>>>

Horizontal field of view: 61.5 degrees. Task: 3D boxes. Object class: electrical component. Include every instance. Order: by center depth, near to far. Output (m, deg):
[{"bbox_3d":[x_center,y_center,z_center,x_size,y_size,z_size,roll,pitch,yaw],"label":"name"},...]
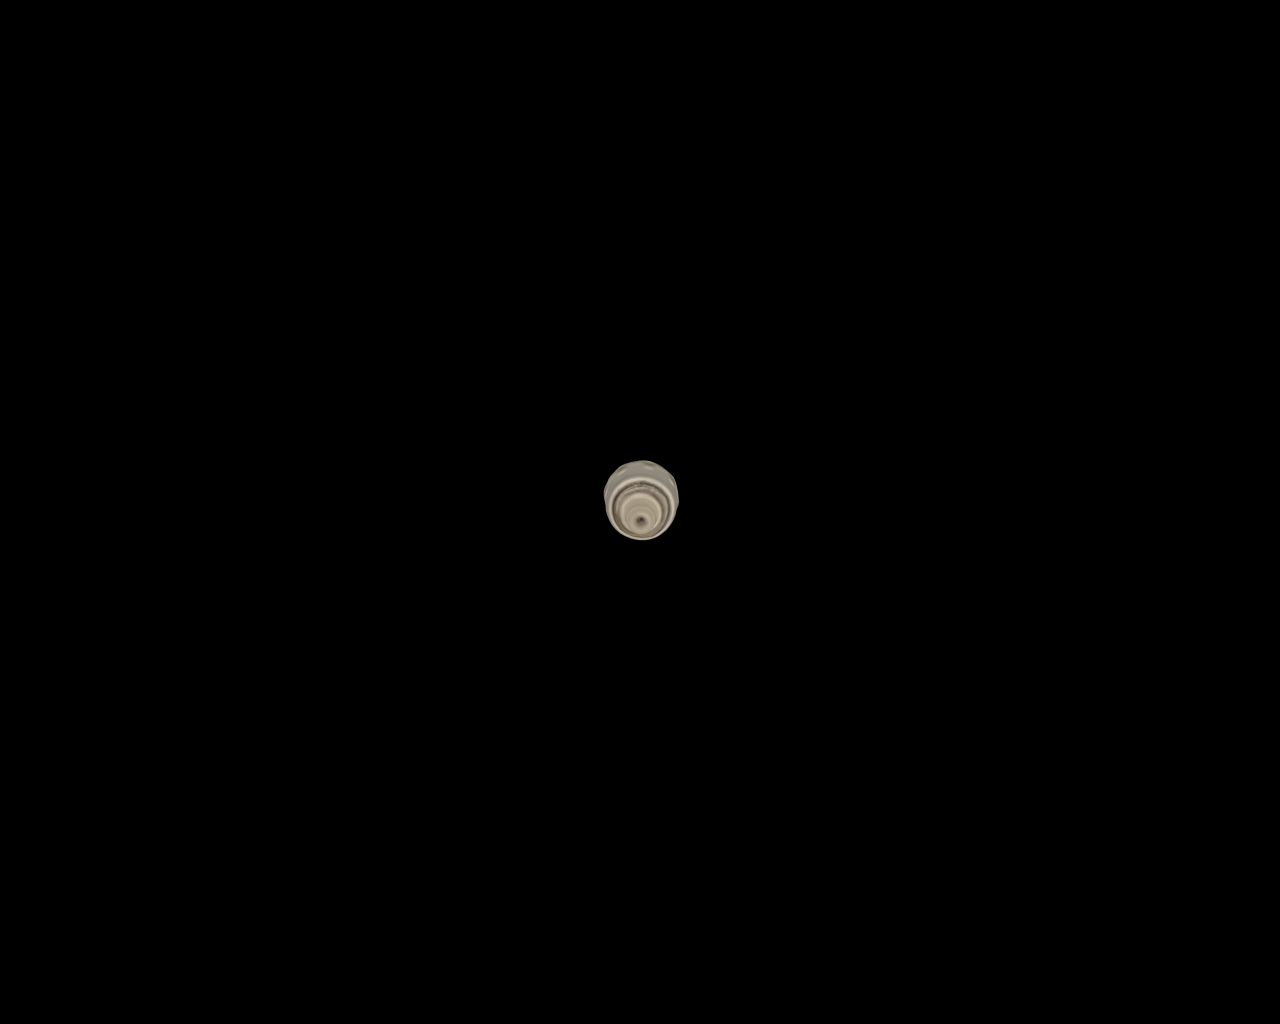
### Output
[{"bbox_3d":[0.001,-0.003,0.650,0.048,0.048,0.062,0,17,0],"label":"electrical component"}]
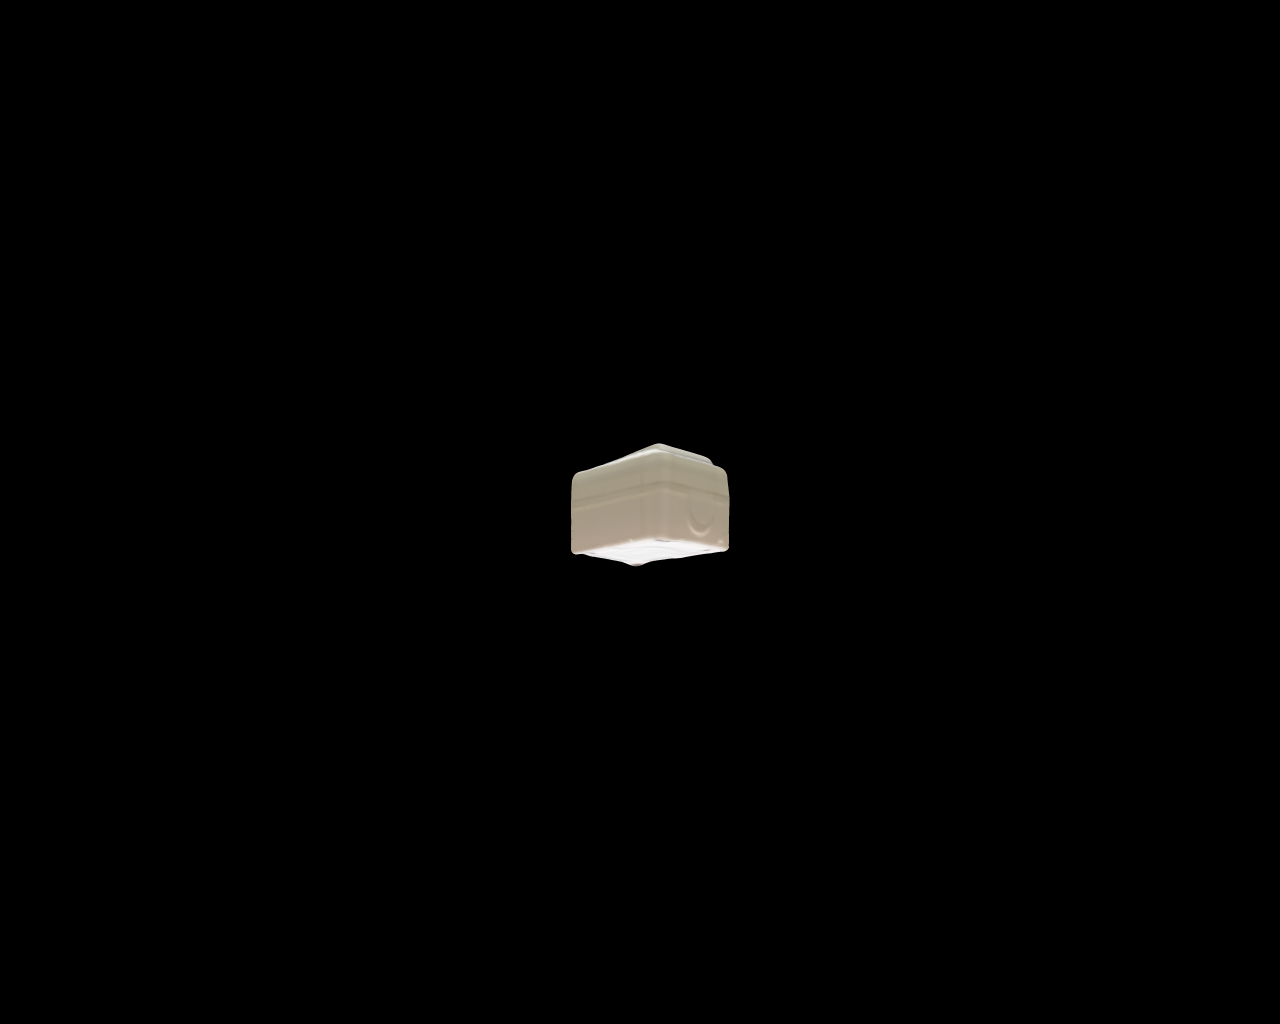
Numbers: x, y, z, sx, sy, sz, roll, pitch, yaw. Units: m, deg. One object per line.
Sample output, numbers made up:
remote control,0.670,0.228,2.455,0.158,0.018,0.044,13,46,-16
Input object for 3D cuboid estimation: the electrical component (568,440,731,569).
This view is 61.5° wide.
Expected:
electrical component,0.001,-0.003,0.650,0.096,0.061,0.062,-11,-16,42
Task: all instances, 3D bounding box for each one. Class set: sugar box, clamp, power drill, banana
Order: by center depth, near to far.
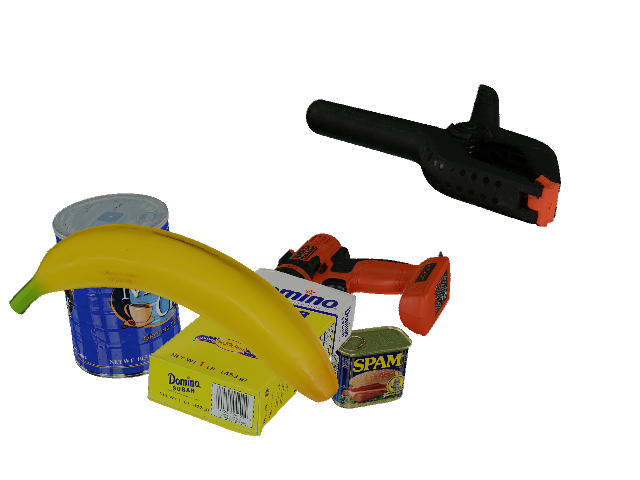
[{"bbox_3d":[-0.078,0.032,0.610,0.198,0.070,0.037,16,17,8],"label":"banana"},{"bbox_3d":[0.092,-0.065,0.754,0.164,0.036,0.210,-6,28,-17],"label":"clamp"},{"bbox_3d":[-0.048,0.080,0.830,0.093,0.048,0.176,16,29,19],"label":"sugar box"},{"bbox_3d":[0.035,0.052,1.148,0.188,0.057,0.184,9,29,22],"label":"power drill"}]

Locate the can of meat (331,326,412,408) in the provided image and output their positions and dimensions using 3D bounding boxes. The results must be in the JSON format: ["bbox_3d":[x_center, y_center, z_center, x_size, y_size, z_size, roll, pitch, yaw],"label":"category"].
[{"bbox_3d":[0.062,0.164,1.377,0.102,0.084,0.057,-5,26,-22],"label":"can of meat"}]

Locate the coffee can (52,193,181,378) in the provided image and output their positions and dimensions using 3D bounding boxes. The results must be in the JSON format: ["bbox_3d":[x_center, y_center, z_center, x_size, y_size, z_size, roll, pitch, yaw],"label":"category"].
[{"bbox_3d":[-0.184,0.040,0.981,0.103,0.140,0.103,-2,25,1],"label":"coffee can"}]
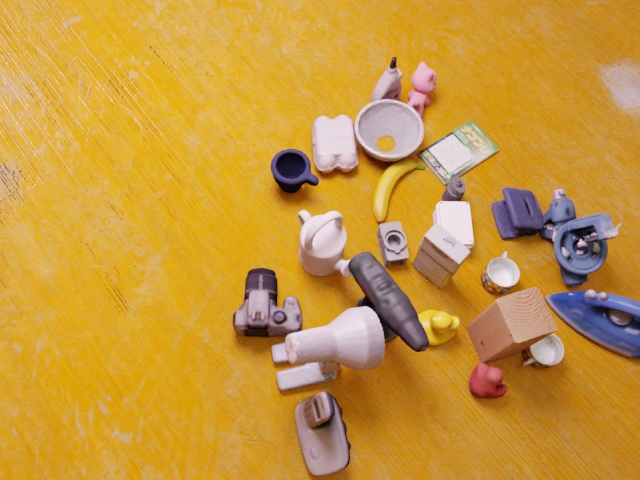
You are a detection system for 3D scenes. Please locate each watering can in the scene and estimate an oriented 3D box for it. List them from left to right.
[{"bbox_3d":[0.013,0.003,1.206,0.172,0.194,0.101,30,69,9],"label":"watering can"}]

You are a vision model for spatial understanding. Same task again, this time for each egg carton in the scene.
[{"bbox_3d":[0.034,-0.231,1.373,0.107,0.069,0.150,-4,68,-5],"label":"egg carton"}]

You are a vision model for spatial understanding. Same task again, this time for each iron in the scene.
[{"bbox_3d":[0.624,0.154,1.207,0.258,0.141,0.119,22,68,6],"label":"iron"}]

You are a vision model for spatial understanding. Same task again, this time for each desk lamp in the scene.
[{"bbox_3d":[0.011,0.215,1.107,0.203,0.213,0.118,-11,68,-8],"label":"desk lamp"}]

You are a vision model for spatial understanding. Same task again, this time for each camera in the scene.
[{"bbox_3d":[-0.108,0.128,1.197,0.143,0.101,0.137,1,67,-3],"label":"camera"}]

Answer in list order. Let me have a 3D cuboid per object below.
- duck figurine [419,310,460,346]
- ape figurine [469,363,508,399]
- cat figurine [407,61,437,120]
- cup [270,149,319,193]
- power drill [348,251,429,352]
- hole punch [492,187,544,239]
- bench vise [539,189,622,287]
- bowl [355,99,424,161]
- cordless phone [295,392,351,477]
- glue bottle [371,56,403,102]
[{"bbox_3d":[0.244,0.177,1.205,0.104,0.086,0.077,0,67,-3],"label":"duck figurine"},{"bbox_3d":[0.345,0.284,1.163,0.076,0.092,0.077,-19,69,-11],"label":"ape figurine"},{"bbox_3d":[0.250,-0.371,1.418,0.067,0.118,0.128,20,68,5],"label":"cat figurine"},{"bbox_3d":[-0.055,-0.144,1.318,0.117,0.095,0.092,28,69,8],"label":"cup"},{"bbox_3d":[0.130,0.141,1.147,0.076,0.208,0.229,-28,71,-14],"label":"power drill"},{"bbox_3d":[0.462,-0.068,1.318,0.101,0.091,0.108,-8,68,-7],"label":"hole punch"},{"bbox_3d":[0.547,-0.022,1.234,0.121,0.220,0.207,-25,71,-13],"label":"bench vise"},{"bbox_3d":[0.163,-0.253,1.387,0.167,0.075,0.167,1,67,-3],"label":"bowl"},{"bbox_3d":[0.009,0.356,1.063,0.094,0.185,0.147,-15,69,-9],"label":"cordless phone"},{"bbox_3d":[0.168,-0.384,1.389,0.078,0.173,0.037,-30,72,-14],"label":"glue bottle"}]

<<<

### What needs to be done:
Among the lines above, find each one containing the string "cuboid" and copy it.

### Written solution:
Input object for 3D cuboid estimation: the electrical component (568,440,731,569).
Answer in list order. Let me have a 3D cuboid per object below.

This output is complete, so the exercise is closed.